Alexandra David-Neel a été, tout au long de sa vie, une femme affranchie des convenances, indépendante, mue par son attrait pour la philosophie bouddhiste et pour les territoires inexplorés du Tibet et de l’Himalaya.
Vers 1920, Alexandra au Tibet avec Aphur Yongden, un jeune moine qui deviendra son fils adoptif.
Son enfance la montre déjà plutôt rebelle. Serait-ce parce que son père, libre penseur, l’emmène, alors qu’elle a à peine 3 ans, assister à l’exécution des communards devant le mur des Fédérés du Père-Lachaise, afin qu’elle se souvienne de cette violence ? Parce que, durant son enfance et son adolescence, elle côtoie Élisée Reclus, ce géographe anarchiste belge ami de ses parents, qui l’initie aux idées féministes de l’époque ? Toujours est-il qu’Alexandra a très tôt des envies de partir explorer le monde. À 15 ans, elle fugue pour aller vivre à Londres (où elle ne pourra rester faute d’argent) ; en Suisse où sa mère la retrouve ; puis, devenue majeure, en Inde (avec l’argent d’un petit héritage) où elle se convertit au bouddhisme.
Journaliste quelque temps dans le journal féministe La Fronde, puis première chanteuse lyrique dans une troupe qui la mènera à Athènes, Tunis, Hanoï…, sa véritable passion est orientaliste. Elle se perfectionne en anglais, s’initie au sanscrit, au tibétain, suit divers enseignements à la Sorbonne et au Collège de France et fréquente le musée Guimet.
À 36 ans, elle épouse son amant, Philippe Néel, alors ingénieur des chemins de fer tunisiens. Leur union est empreinte de respect mutuel, et Philippe Néel deviendra son correspondant et son soutien financier tout au long de ses périples. Car le confort du mariage bourgeois ne convient pas à la dame. En 1911, elle repart en Inde en promettant à son époux de rentrer dans dix-huit mois… Elle reviendra quatorze ans plus tard !
Baptisée par ses maîtres « lampe de sagesse »
Elle arrive au Sikkim (province du Nord de l’Inde bordant le Tibet) en 1912 pour parfaire sa connaissance du bouddhisme.

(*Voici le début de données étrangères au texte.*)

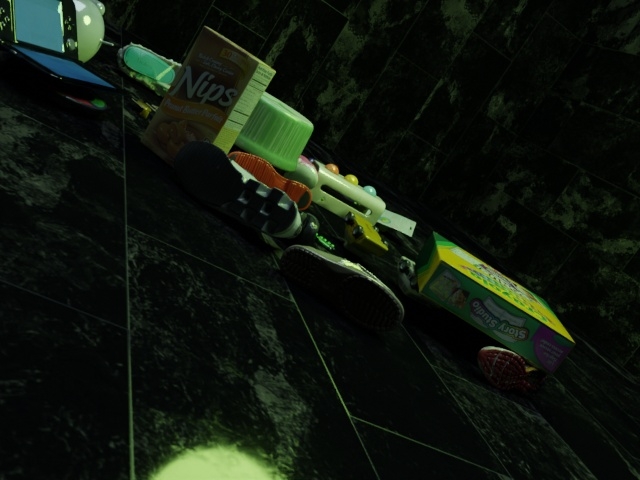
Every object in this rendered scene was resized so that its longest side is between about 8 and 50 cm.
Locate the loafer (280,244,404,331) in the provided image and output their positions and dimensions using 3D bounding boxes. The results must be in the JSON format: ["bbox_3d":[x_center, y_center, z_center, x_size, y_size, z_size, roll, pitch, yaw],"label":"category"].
[{"bbox_3d":[0.050,0.084,1.373,0.269,0.101,0.092,33,18,2],"label":"loafer"}]

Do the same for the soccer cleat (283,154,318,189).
[{"bbox_3d":[-0.161,-0.254,2.188,0.331,0.116,0.143,35,28,21],"label":"soccer cleat"}]

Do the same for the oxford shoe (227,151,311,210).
[{"bbox_3d":[-0.156,-0.157,1.872,0.271,0.096,0.098,31,-8,-31],"label":"oxford shoe"}]

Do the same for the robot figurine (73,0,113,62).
[{"bbox_3d":[-0.726,-0.599,1.839,0.353,0.199,0.300,36,52,13],"label":"robot figurine"}]

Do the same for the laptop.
[{"bbox_3d":[0.423,0.238,1.923,0.264,0.137,0.234,56,3,-25],"label":"laptop"}]

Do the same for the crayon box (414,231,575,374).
[{"bbox_3d":[0.414,0.140,1.696,0.363,0.106,0.313,31,13,-2],"label":"crayon box"}]

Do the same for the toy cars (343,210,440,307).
[{"bbox_3d":[0.181,0.061,1.847,0.394,0.087,0.176,42,16,24],"label":"toy cars"}]

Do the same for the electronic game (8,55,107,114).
[{"bbox_3d":[-0.600,-0.358,1.580,0.229,0.048,0.229,32,12,-7],"label":"electronic game"}]

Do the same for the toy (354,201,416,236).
[{"bbox_3d":[0.221,-0.071,2.494,0.237,0.056,0.137,26,28,3],"label":"toy"}]

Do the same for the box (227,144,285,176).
[{"bbox_3d":[-0.211,-0.231,1.995,0.147,0.077,0.180,40,14,31],"label":"box"}]

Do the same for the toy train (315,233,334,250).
[{"bbox_3d":[0.000,0.000,1.774,0.083,0.017,0.024,37,22,16],"label":"toy train"}]

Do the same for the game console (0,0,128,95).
[{"bbox_3d":[-0.587,-0.464,1.562,0.174,0.250,0.293,0,4,16],"label":"game console"}]

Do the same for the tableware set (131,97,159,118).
[{"bbox_3d":[-0.471,-0.357,1.969,0.104,0.024,0.154,40,12,15],"label":"tableware set"}]

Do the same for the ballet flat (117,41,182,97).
[{"bbox_3d":[-0.506,-0.541,2.365,0.409,0.147,0.147,29,13,-22],"label":"ballet flat"}]

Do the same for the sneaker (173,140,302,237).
[{"bbox_3d":[-0.181,-0.096,1.517,0.331,0.122,0.146,36,-6,17],"label":"sneaker"}]

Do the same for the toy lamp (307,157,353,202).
[{"bbox_3d":[0.030,-0.218,2.559,0.080,0.080,0.275,19,17,-48],"label":"toy lamp"}]

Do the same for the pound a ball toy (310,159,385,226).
[{"bbox_3d":[0.049,-0.185,2.340,0.319,0.135,0.208,29,13,-21],"label":"pound a ball toy"}]

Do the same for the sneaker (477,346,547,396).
[{"bbox_3d":[0.421,0.293,1.573,0.225,0.088,0.093,32,2,-39],"label":"sneaker"}]

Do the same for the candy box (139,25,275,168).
[{"bbox_3d":[-0.266,-0.311,1.605,0.183,0.316,0.088,37,13,20],"label":"candy box"}]

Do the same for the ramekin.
[{"bbox_3d":[-0.168,-0.338,1.981,0.303,0.148,0.303,31,12,-7],"label":"ramekin"}]

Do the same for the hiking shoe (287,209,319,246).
[{"bbox_3d":[-0.091,-0.053,1.604,0.114,0.086,0.227,26,4,-34],"label":"hiking shoe"}]
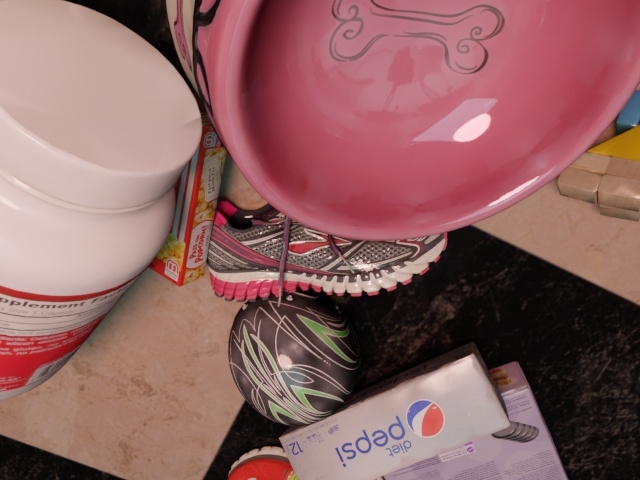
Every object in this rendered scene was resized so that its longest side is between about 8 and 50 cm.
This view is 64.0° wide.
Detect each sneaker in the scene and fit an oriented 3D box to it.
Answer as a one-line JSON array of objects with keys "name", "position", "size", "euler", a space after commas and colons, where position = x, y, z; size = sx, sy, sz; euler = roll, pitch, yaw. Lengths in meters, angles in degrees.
[{"name": "sneaker", "position": [-0.040, 0.393, 0.778], "size": [0.278, 0.118, 0.107], "euler": [-11, 116, 26]}, {"name": "sneaker", "position": [0.000, 0.000, 0.609], "size": [0.298, 0.121, 0.112], "euler": [-7, 111, 7]}]

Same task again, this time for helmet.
[{"name": "helmet", "position": [-0.035, 0.147, 0.650], "size": [0.169, 0.161, 0.170], "euler": [-3, 82, 26]}]

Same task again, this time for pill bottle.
[{"name": "pill bottle", "position": [-0.289, -0.013, 0.505], "size": [0.229, 0.229, 0.407], "euler": [39, 127, -14]}]

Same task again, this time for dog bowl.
[{"name": "dog bowl", "position": [0.080, -0.162, 0.424], "size": [0.407, 0.151, 0.408], "euler": [-8, 138, -7]}]

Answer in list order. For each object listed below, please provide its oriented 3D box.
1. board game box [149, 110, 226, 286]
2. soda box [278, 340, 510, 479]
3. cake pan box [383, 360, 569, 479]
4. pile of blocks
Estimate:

Elle travaille son tibétain, étudie les textes anciens, reçoit l’enseignement des plus grands gomchens (supérieurs des monastères), expérimente les méthodes des yogis tibétains. Elle devient alors une lamina (dame-lama), baptisée par ses maîtres Yshé Tömé (« lampe de sagesse »), désormais habillée du costume des lamas tibétains et reconnue par les autorités bouddhistes. En 1914, elle rencontre Aphur Yongden, âgé de 15 ans, qui devient son interprète et son inséparable compagnon de route. Elle en fera son fils adoptif (ce qui déplaît fort à Philippe Néel lorsqu’elle rentre en France en 1925). Ensemble, alors que la guerre bat son plein en Europe, ils voyageront en Inde, au Japon, en Corée, traverseront la Chine d’est en ouest puis séjourneront pendant trois ans au monastère de Kumbum, au Tibet, où Alexandra, aidée de Yongden, traduit la Prajnaparamita (ensemble de textes de la tradition bouddhiste).